Hey there. I'm posting this because right now I'm somewhat frustrated with the way my relationship with my ex has been going. It's gotten to the point where I'm fighting a bout of depression. I thought I would vent, and maybe get some insight. I just don't know what to do anymore, and I feel I'm too involved in the situation to make sense of it clearly on my own. This is really really long, please bear with me.



I started dating my ex (lets call him "j") shortly before christmas. We met at my brothers, and they are pretty close. Like family. I had just gotten my heart broken a few months prior to meeting "j", had recently fully recovered from it, and felt I was at a good place being single and doing what I wanted. He approached me sweetly, and I actually found myself liking him. I warned him that I wasn't sure if I could do anything serious because I didn't have much experience in the area, I was an extremely independent person, I was at college about 5 hrs away, I had trouble trusting men, and that I was abstainant.

He took everything in stride and was wonderful. He talked about his past relationship problems (including making the huge mistake of getting married fresh out of hs), and that he understood where I was coming from. He just wanted to be with me, he said he would help me with the relationship thing, that he didn't care if I was abstainant that it was fine with him, and that he wasn't like other guys. His dad had cheated on his mom, and he knew how he wanted a relationship.
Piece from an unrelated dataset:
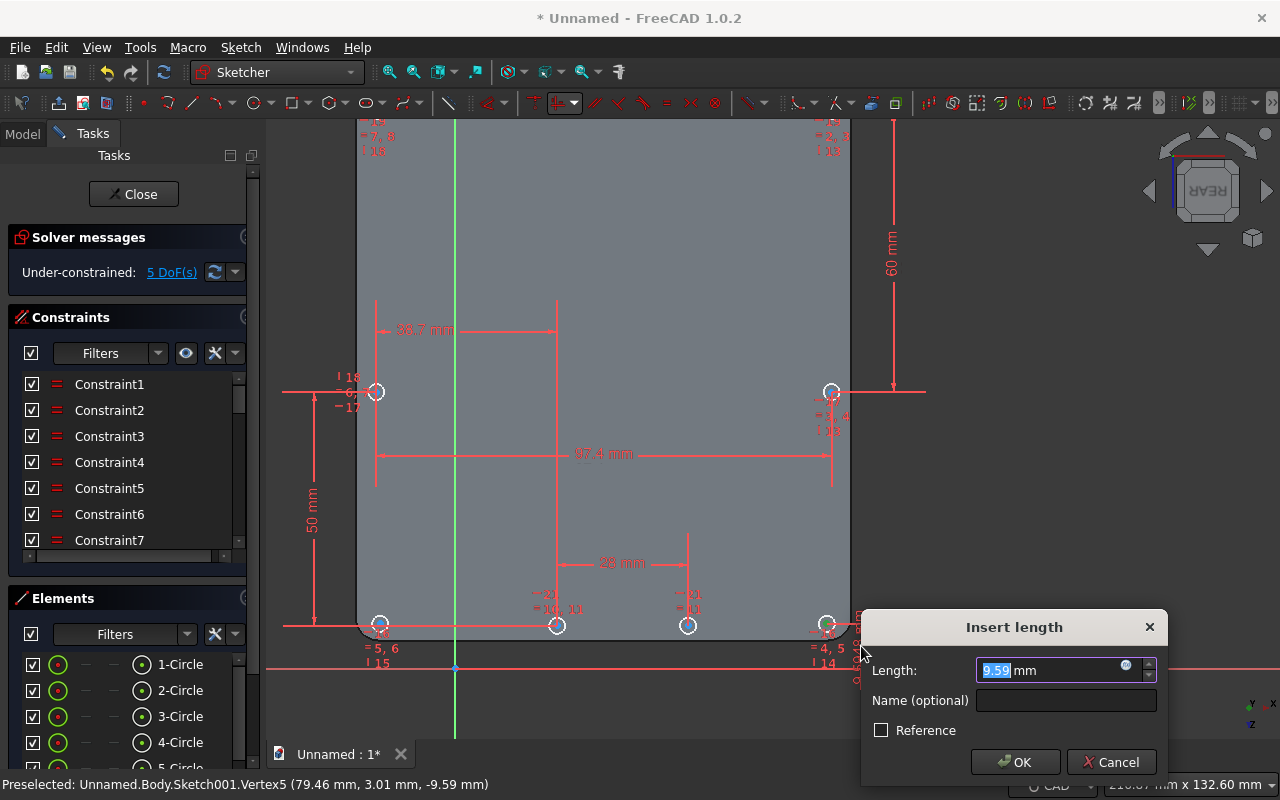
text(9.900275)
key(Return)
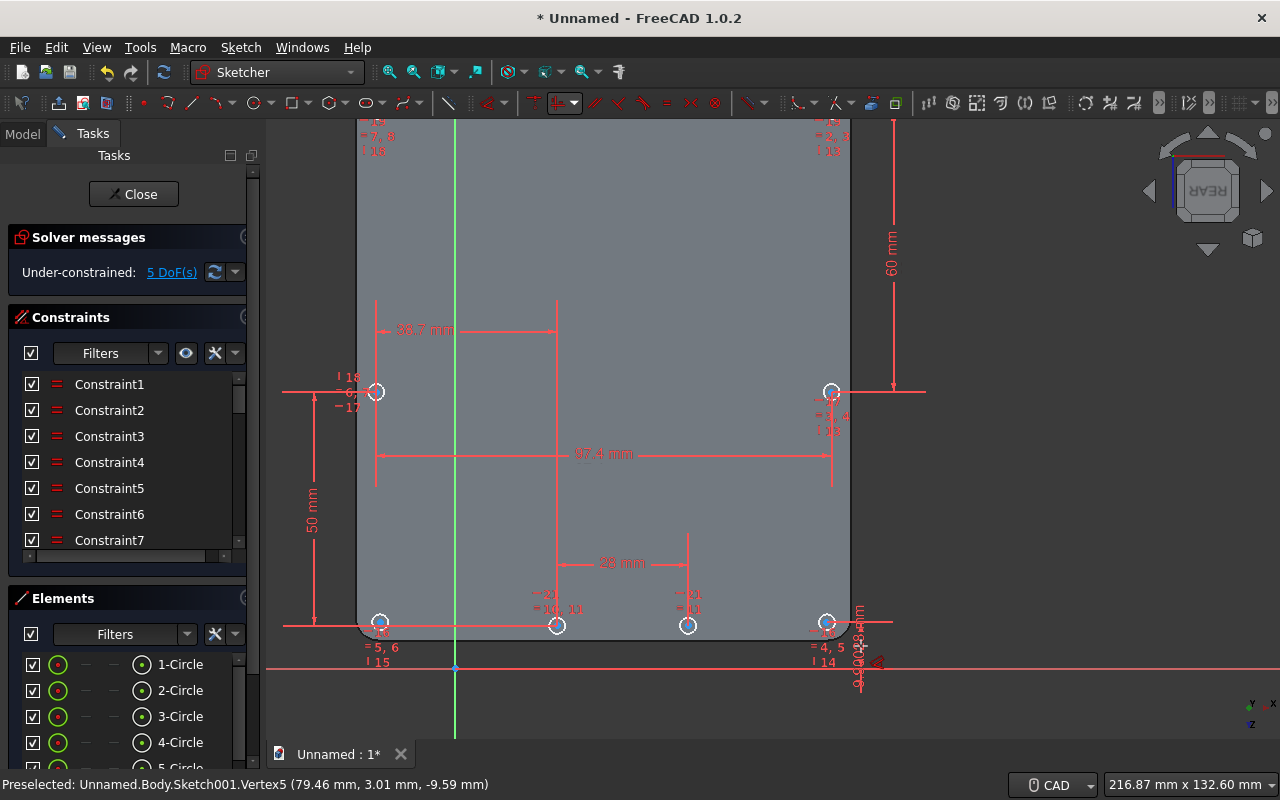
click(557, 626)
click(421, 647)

It took him about a week or two to convince me to finally start dating him. We jumped into a serious relationship pretty fast. It was good the first month, he was very attentive and loving, and never ever pushed me to have sex. It was a little difficult because it was long distance and he hated talking on the phone (and me an avid phone person). About a month into the relationship, around mid january, I decided to break my abstainance rule and started sleeping with him. I thought things were ok, if not overly stressful cause we never talked unless I was in town, and never about serious stuff. But I thought that was just because he was a introverted person and I didnt want to push.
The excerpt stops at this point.